Ein junger Psychologieprofessor hatte vor kurzem seinen ersten Ruf an eine Universität erhalten. Nachdem er sich einen ersten überblick über sein Aufgabenfeld, die Rahmenbedingungen seiner Tätigkeit und die Universität als solche verschafft hatte, fing er an, sich mit Begeisterung, Engagement und überschwang einem Forschungsgebiet zu widmen: Er machte es sich zur Aufgabe, herauszufinden, wann Menschen sich gut und zufrieden fühlen und wann nicht.

Mit einer Gruppe von Assistenten und studentischen Hilfskräften fing er an, einen umfangreichen Fragebogen zu konzipieren, der alle Faktoren dieser komplexen Fragestellung beleuchten sollte. Der fertige Fragebogen wurde schließlich in einigen Vortests geprüft und als ebenso brauchbar wie nützlich befunden. Dann schwärmten seine Studenten und Assistenten aus, um Menschen der verschiedensten Schichten und Lebensumstände, Altersstufen und Interessen zu befragen.

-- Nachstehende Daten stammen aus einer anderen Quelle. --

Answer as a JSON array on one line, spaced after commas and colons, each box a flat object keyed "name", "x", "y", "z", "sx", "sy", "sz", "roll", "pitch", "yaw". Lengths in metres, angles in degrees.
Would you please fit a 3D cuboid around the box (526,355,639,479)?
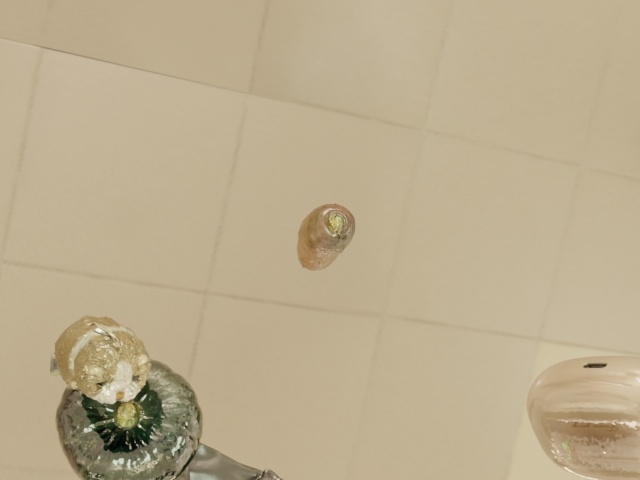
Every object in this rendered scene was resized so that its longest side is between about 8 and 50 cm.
[{"name": "box", "x": 0.318, "y": 0.192, "z": 1.158, "sx": 0.088, "sy": 0.200, "sz": 0.146, "roll": -42, "pitch": 115, "yaw": -40}]

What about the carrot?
[{"name": "carrot", "x": 0.000, "y": 0.000, "z": 1.265, "sx": 0.060, "sy": 0.186, "sz": 0.060, "roll": 2, "pitch": 77, "yaw": -9}]

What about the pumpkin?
[{"name": "pumpkin", "x": -0.275, "y": 0.265, "z": 1.563, "sx": 0.211, "sy": 0.211, "sz": 0.152, "roll": -15, "pitch": 141, "yaw": -18}]

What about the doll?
[{"name": "doll", "x": -0.302, "y": 0.158, "z": 1.472, "sx": 0.105, "sy": 0.221, "sz": 0.115, "roll": -14, "pitch": 94, "yaw": -25}]

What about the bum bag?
[{"name": "bum bag", "x": -0.168, "y": 0.400, "z": 1.738, "sx": 0.326, "sy": 0.080, "sz": 0.142, "roll": 23, "pitch": 100, "yaw": -10}]
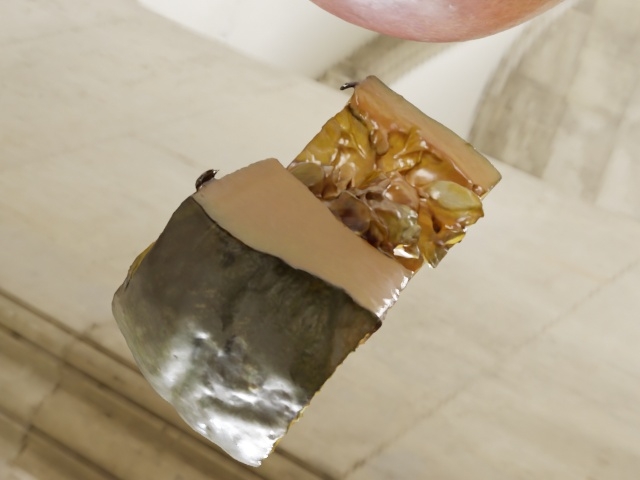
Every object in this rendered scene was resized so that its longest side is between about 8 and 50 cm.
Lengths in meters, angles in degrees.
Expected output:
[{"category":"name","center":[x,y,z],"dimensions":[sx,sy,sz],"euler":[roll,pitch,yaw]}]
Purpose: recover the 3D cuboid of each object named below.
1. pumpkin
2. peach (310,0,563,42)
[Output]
[{"category":"pumpkin","center":[-0.001,-0.001,0.911],"dimensions":[0.280,0.139,0.190],"euler":[-50,-6,-12]},{"category":"peach","center":[0.050,-0.231,0.713],"dimensions":[0.252,0.252,0.252],"euler":[-45,-30,-36]}]
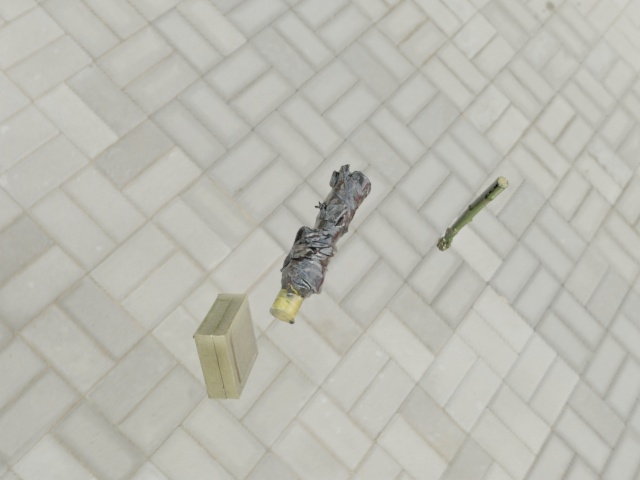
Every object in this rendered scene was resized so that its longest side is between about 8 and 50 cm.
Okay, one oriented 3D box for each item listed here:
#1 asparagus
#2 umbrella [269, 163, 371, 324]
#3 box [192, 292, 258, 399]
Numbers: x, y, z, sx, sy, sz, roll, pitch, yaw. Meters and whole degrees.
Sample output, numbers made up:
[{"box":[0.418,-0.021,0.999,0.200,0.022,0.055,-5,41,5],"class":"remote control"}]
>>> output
[{"box":[0.152,-0.025,0.702,0.015,0.127,0.018,3,59,-22],"class":"asparagus"},{"box":[0.000,0.000,0.543,0.040,0.037,0.144,53,53,-38],"class":"umbrella"},{"box":[-0.093,0.108,0.698,0.035,0.083,0.079,-1,26,12],"class":"box"}]
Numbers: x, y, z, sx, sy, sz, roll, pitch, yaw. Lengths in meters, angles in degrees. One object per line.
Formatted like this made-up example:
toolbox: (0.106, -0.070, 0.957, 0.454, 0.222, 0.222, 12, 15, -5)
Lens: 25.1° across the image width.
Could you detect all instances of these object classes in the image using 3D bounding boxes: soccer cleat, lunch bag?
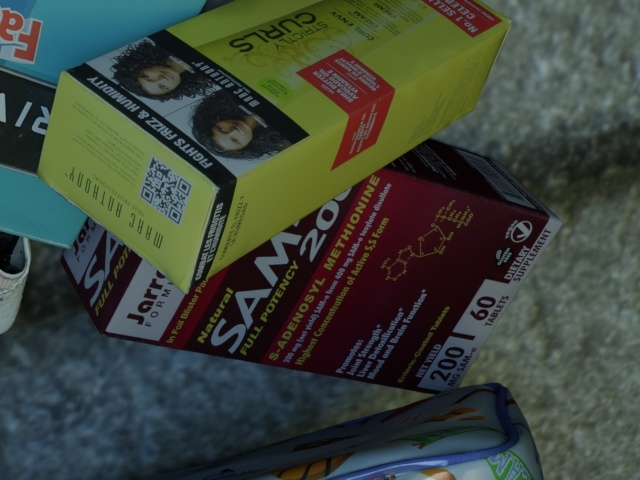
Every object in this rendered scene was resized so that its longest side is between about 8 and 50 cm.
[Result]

Nach einigen Jahren war eine unglaubliche Vielzahl an Daten zusammengetragen worden. Diese wurden nun in einen Computer gespeist, und nach Jahren waren komplexe Ergebnisse gewonnnen, die wiederum Jahre benötigten, um ausgewertet und verstanden zu werden. Mehrere Diplom- und Doktorarbeiten wurden im Laufe dieses Prozesses dazu geschrieben und ebenso viele schlaue Artikel für Fachzeitschriften und populäre Magazine. Die meisten der Artikel waren von dem ehemals jungen Psychologieprofessor verfasst worden, der inzwischen ergraut und bejahrt war, doch sich nichtsdestotrotz immer noch mit Feuereifer der Ergründung seiner Fragestellung widmete.

Offenbar waren die Faktoren, die beeinflussten, ob Menschen sich gut oder nicht gut fühlten, äußerst vielfältig: Eine Gruppe von Menschen schien sich nur dann gut zu fühlen, wenn ihr Körper gesund war. Bereits bei einem Anflug von Krankheit begann ihr persönliches Wohlfühlbarometer vehement zu sinken. Andere fühlten sich so lange gut, wie es ihren Kindern vortrefflich ging – wobei die Kriterien, wann jemand das Gefühl hatte, dass es seinem Kind vortrefflich oder nicht vortrefflich ging, nebenbei bemerkt, sehr unterschiedlich waren. Andere hingegen empfanden als zwingende Voraussetzung dafür, sich gut zu fühlen, genug Geld zu haben. Was genau „genug” war, war natürlich vom Einzelfall abhängig. Wiederum andere hatten das Gefühl, dass es ihnen nur dann gut ging, wenn sie in sich selbst hineinhorchten und alles in ihrem Inneren sich stimmig anfühlte: kein Zweifel, kein Bohren, kein Druck, sondern ein innerer wolkenloser Sommerhimmel. Eine weitere Gruppe fühlte sich dann gut, wenn in ihrer Beziehung alles in Ordnung war – wobei „alles” auch wieder für die verschiedensten Menschen die unterschiedlichsten Bedeutungen zu haben pflegte.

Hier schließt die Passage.